Last Term in Schweiker v. Gray Panthers, 453 U. S. 34, 49-50 (1981), we upheld the validity of federal Medicaid regulations that permit “deeming” of income between spouses in those States that have exercised the so-called “§ 209(b) option” provided for in the Social Security Act, 79 Stat. 343, as amended, 42 U. S. C. § 1396 et seq. (1976 ed. and Supp. III). “Deeming,” in the parlance of the Social Security laws and regulations, means that a State determines eligibility by assuming that a portion of the spouse’s income is “available” to the applicant. Because an individual’s eligibility for Medicaid benefits depends in part on the financial resources that are “available” to him, “[djeeming. . . has the effect of reducing both the number of eligible individuals and the amount of assistance paid to those who qualify.” Schweiker v. Gray Panthers, supra, at 36. We rejected contentions that these regulations were arbitrary or capricious and that the regulations were inconsistent with § 1902(a)(17) of the Social Security Act, 42 U. S. C. § 1396a(a)(17).1 453 U. S., at 43. In [268]*268the present case, we are called upon to decide to what extent the State of Iowa, an “SSI State,” may consider the income of the institutionalized Medicaid applicant’s noninstitutionalized spouse in determining eligibility for Medicaid.

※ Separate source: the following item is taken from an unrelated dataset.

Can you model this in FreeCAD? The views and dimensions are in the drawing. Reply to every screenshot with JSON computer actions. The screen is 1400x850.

As we explained in greater detail in Gray Panthers, supra, Medicaid as originally enacted “required participating States to provide medical assistance to ‘categorically needy’ individuals who received cash payments under one of four welfare programs established elsewhere in the [Social Security] Act.” Id., at 37. This program was restructured in 1972 by Congress, when it replaced three of the four categorical programs with Supplemental Security Income for the Aged, Blind, and Disabled (SSI), 42 U. S. C. § 1381 et seq. (1976 ed. and Supp. III). Fearing that some States might withdraw from the Medicaid program rather than bear the increased costs imposed by the restructuring, Congress offered the States the “§ 209(b) option.” 42 U. S. C. § 1396a(f). Under the § 209(b) option, the States may elect to provide Medicaid assistance only to those individuals who would have been eligible under the State’s Medicaid plan in effect on January 1, 1972. In other words, the § 209(b) option allows the States to avoid the effect of the link between the SSI and Medicaid programs: States may become either “§ 209(b) States” or “SSI States.”

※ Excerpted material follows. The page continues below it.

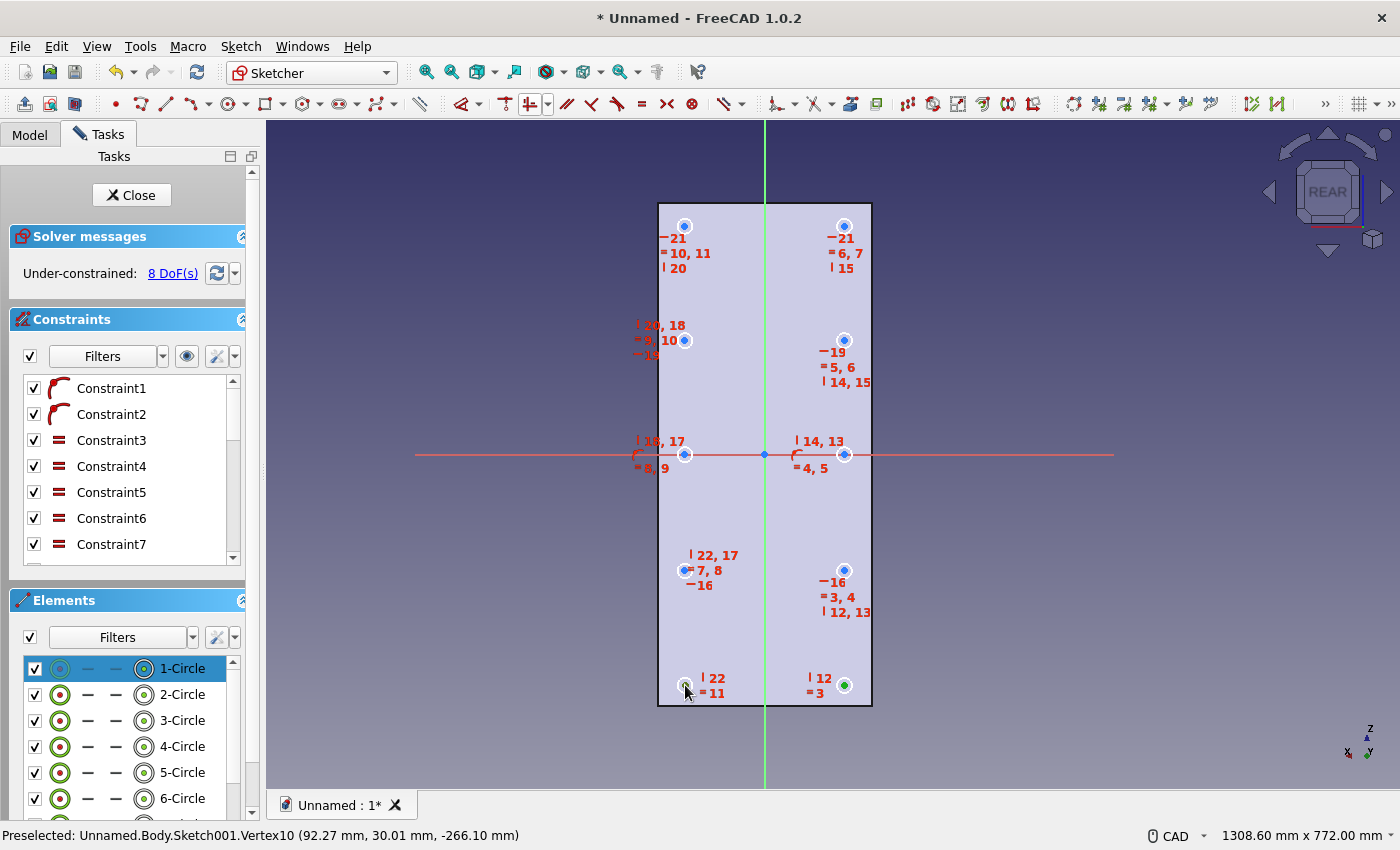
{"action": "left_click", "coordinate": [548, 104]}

If a State participates in the Medicaid program without exercising the § 209(b) option, the State is required to make Medicaid assistance available to all recipients of SSI benefits. 42 U. S. C. § 1396a(a)(10)(A); 42 CFR §435.120 (1980).2 SSI States, however, are not limited to providing Medicaid benefits to SSI recipients. The Medicaid program offers participating States the option of providing Medicaid assist-[269]*269anee to certain other groups of individuals, see 42 U. S. C. § 1396a(a)(10)(C), one of which is the “optional categorically needy.” See 42 CFR §§435.200-435.231 (1980).3 Included among the “optional categorically needy,” are (1) individuals who would be eligible for, but for some reason are not receiving, SSI benefits and (2) individuals who would be eligible for SSI benefits but for their institutionalized status. 42 CFR §§435.210-435.211 (1980).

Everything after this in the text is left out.